▸ **What you should do**
Find "34) object at [986, 104, 1005, 134]" and "euler: [roll, pitch, yaw]" in the records below. Copy the lines holding them and every line between, exactly, and no others.

Source records:
^^^^

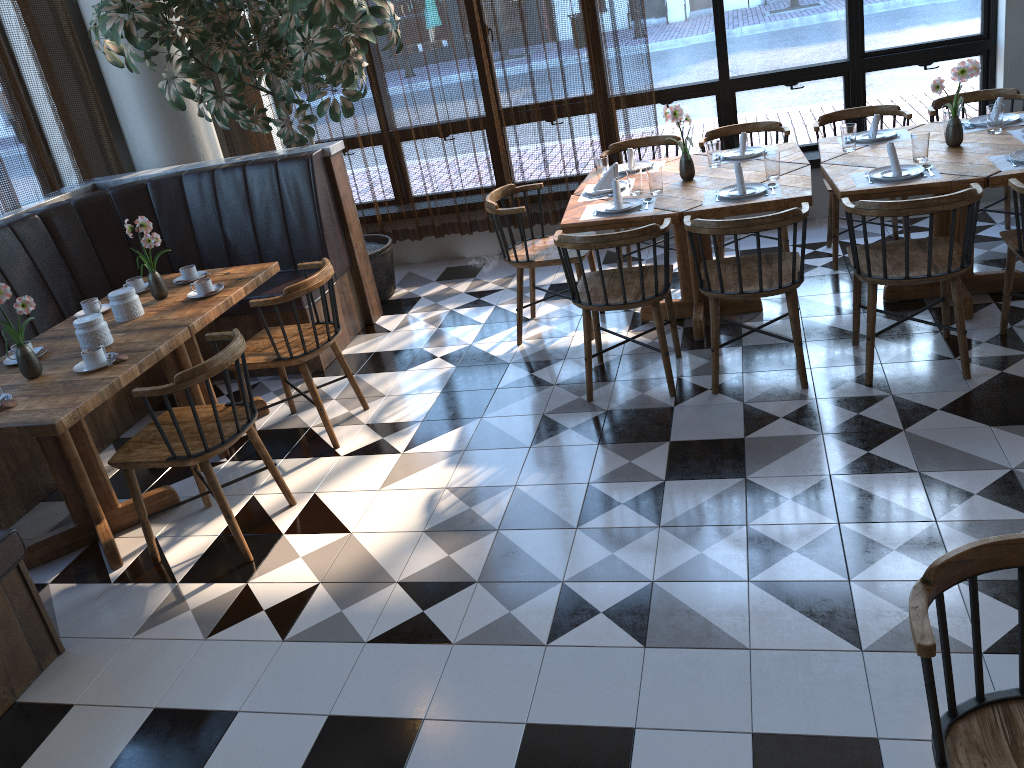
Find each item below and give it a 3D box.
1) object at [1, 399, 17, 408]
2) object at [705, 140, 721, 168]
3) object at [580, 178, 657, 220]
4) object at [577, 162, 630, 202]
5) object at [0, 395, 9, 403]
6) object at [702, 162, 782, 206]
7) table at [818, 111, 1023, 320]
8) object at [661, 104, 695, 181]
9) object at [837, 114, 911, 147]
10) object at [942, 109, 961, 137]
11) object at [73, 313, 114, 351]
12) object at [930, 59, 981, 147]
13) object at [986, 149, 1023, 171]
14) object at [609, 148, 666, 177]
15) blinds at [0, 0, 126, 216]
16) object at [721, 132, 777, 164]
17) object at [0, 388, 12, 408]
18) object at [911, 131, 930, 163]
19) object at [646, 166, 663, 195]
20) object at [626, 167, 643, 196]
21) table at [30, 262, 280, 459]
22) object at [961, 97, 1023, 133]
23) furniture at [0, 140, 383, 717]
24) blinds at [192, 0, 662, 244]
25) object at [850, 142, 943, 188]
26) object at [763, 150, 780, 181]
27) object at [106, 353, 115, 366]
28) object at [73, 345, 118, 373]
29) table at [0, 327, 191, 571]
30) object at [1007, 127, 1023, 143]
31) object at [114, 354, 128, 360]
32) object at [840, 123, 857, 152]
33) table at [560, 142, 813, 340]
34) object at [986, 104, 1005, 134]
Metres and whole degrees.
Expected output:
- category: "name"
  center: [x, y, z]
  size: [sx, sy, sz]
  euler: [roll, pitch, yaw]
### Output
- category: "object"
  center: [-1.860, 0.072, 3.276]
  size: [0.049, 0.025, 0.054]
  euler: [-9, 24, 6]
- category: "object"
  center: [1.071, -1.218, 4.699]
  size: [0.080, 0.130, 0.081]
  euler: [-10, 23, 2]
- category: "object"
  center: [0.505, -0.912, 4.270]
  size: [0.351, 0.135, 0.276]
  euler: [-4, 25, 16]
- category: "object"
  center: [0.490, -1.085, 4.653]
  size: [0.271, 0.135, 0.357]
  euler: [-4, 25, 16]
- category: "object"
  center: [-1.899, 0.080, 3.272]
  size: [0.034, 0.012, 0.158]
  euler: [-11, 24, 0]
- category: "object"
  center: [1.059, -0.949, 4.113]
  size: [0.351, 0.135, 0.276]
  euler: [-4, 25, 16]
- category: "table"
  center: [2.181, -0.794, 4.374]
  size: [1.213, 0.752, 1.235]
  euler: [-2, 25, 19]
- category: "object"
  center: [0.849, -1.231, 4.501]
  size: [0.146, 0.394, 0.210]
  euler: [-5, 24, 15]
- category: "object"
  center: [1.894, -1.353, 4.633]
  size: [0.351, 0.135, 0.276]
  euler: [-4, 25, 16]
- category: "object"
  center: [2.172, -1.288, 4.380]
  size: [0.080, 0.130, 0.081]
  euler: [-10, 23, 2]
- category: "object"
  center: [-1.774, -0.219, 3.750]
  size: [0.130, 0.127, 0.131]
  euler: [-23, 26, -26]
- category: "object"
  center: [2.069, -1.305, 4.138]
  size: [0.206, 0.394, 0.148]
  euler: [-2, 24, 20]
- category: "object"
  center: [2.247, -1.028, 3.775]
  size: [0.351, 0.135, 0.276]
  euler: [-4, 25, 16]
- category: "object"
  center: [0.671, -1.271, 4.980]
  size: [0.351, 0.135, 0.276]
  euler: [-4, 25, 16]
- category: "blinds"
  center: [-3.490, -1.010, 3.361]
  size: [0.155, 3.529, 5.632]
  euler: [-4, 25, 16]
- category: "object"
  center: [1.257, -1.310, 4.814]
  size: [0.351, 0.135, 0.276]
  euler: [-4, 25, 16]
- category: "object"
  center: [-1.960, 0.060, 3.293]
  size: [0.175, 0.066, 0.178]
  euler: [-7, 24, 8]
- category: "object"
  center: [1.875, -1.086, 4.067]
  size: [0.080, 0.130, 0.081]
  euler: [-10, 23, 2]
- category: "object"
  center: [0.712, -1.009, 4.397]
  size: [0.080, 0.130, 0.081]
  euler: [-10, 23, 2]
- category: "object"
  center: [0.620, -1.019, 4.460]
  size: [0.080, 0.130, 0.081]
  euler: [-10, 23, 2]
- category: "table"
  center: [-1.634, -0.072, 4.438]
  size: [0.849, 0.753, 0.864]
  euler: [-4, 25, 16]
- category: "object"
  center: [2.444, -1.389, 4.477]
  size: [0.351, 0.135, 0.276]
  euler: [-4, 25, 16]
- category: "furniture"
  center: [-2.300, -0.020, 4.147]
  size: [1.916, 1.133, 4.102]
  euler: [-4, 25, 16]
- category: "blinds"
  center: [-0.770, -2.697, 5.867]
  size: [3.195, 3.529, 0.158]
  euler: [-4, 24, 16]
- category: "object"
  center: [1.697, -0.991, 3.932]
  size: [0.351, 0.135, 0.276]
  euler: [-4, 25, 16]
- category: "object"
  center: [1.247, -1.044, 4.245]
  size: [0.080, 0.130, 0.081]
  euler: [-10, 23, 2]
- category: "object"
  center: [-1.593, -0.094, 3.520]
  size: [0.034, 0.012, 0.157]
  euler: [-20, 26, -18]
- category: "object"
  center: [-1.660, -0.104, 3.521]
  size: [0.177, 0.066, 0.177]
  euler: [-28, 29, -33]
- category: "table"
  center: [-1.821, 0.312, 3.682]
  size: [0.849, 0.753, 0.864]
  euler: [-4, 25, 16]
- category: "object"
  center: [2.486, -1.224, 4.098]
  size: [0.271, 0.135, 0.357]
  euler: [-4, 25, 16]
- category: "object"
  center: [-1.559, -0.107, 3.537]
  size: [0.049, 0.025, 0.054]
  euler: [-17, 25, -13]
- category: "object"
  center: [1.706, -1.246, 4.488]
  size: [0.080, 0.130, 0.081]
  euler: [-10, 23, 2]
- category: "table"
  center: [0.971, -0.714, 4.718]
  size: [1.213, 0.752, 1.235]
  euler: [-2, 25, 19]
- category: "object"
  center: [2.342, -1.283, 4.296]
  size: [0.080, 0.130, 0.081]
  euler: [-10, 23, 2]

^^^^

▸ **Solution for this task**
34) object at [986, 104, 1005, 134]
Metres and whole degrees.
Expected output:
- category: "name"
  center: [x, y, z]
  size: [sx, sy, sz]
  euler: [roll, pitch, yaw]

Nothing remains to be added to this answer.